Task statement: Copy out the lines of the records below, and only those lines, from the one with "This view is 48.2° wide." through the one with "Could you give", exactly as they appear.

Data to use:
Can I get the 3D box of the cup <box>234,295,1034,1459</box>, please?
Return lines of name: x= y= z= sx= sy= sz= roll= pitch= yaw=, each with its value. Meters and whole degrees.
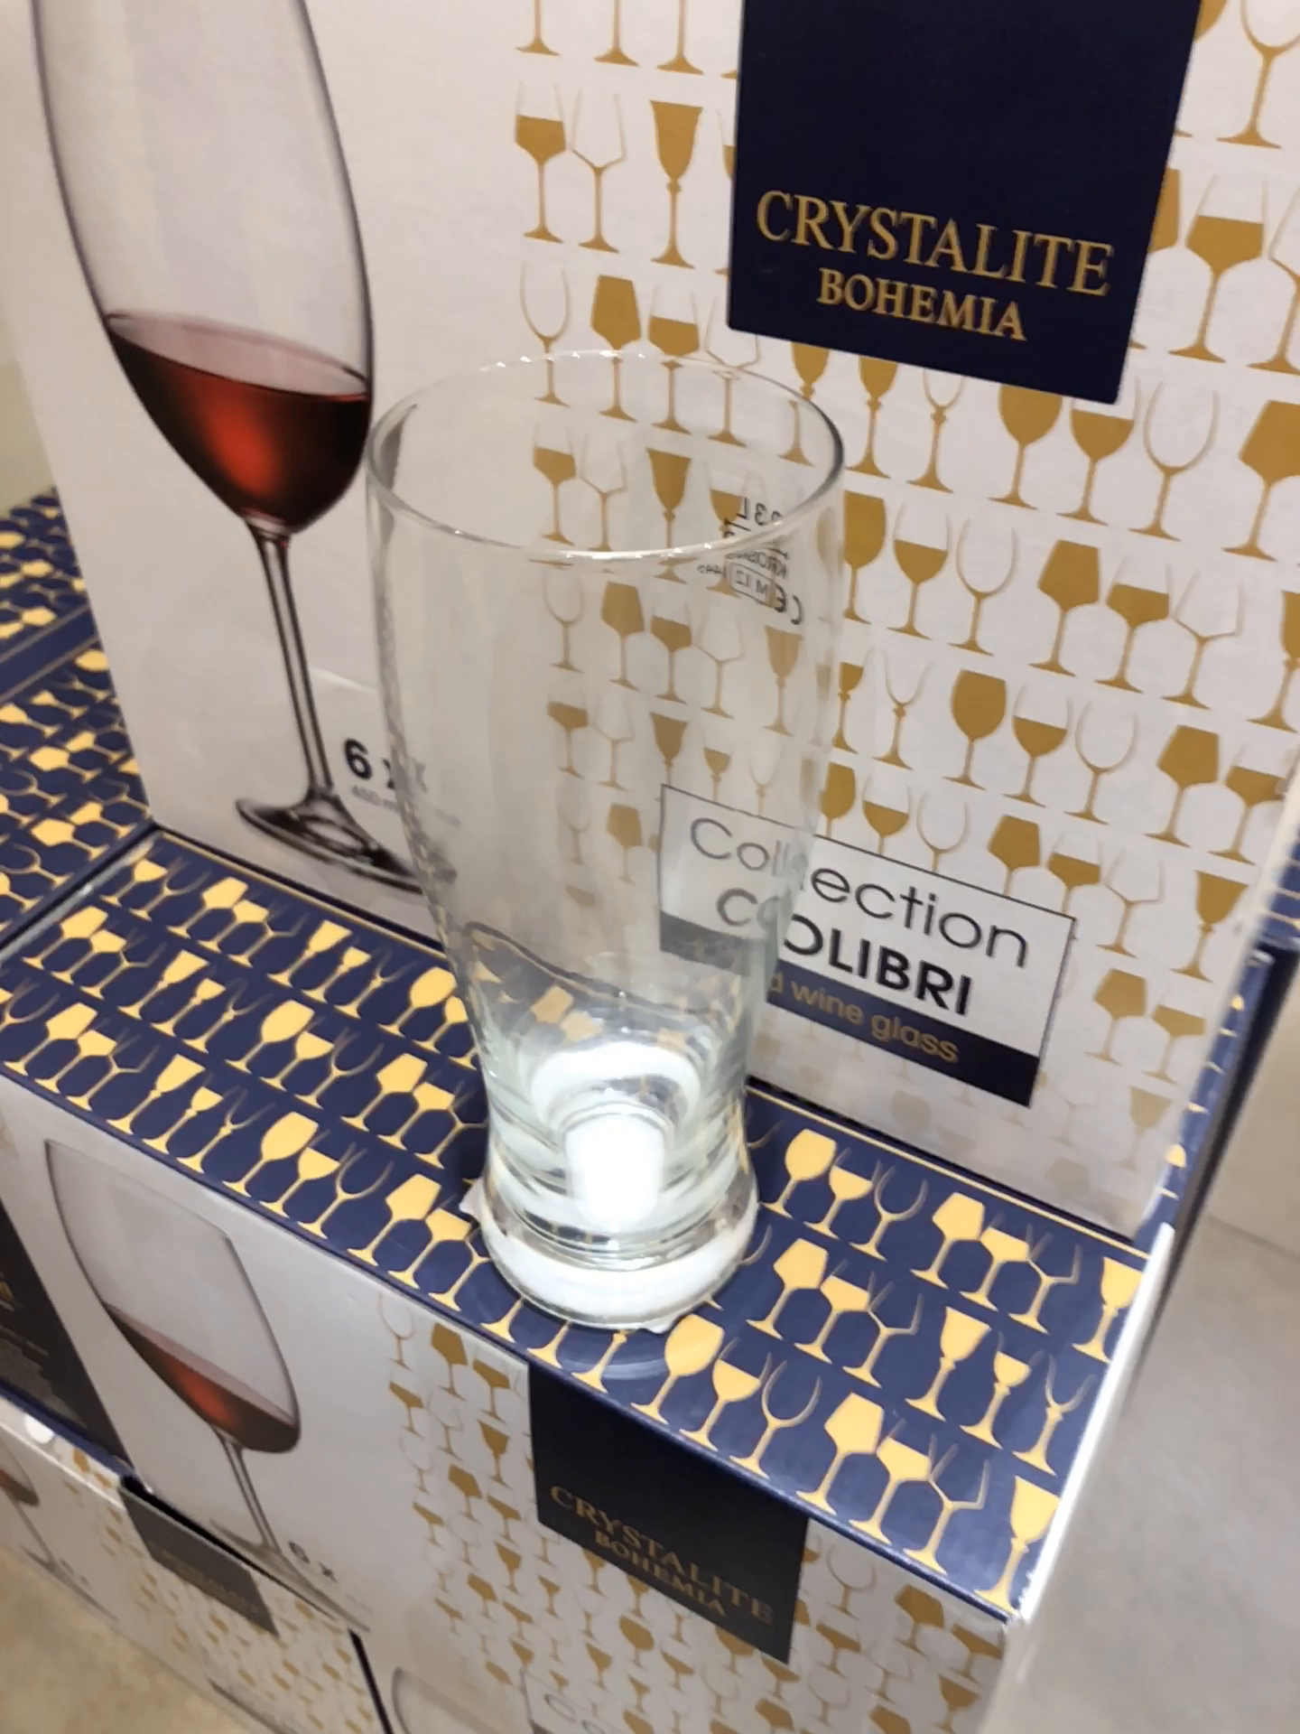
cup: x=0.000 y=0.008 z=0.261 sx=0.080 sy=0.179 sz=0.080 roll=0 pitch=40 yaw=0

...

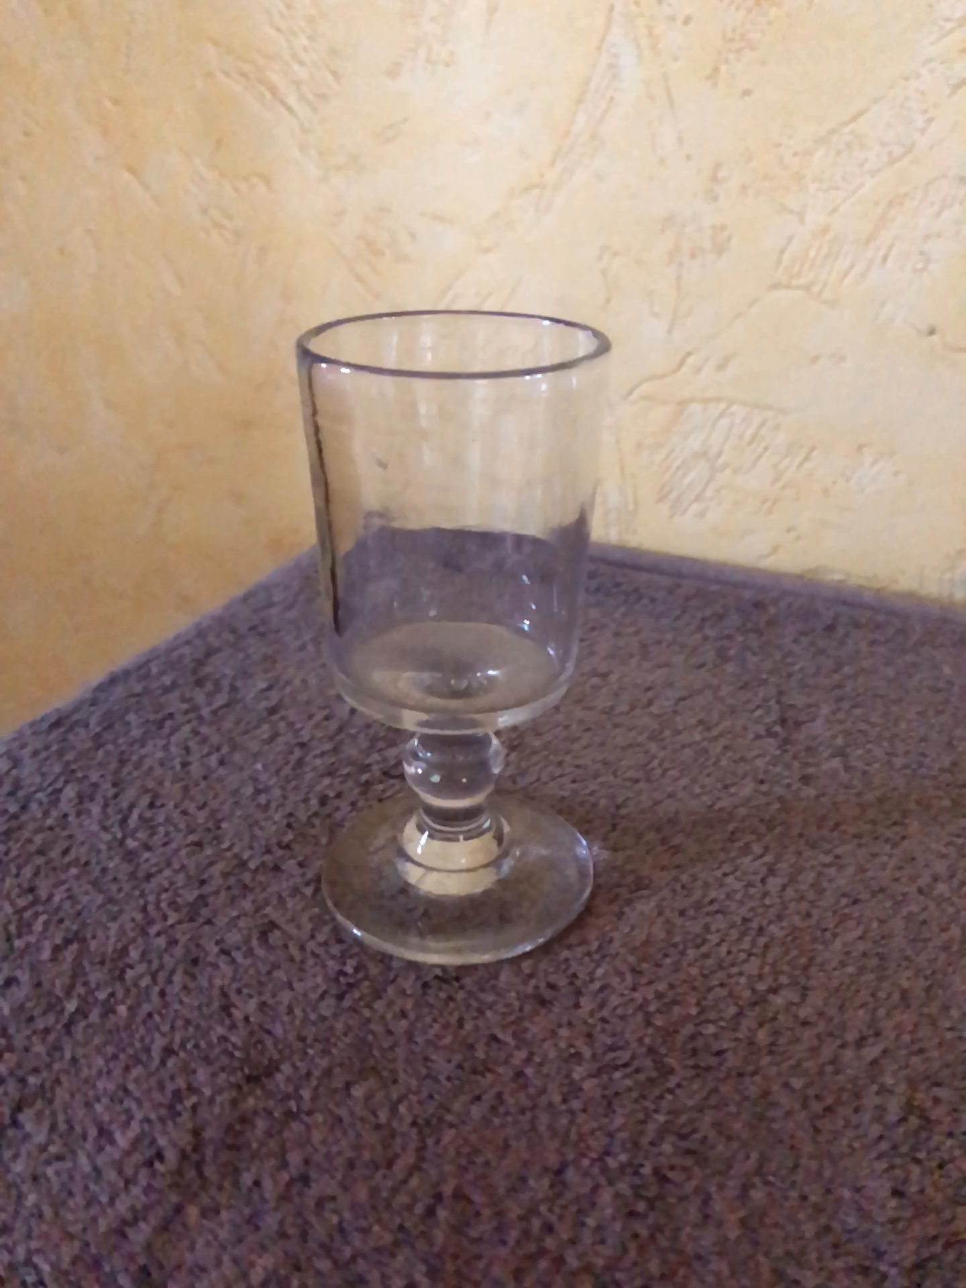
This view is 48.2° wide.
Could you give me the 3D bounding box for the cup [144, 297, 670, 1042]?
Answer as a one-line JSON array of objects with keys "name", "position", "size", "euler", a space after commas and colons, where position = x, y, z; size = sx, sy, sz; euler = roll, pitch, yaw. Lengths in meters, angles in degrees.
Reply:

Task solution:
This view is 48.2° wide.
Could you give me the 3D bounding box for the cup [144, 297, 670, 1042]?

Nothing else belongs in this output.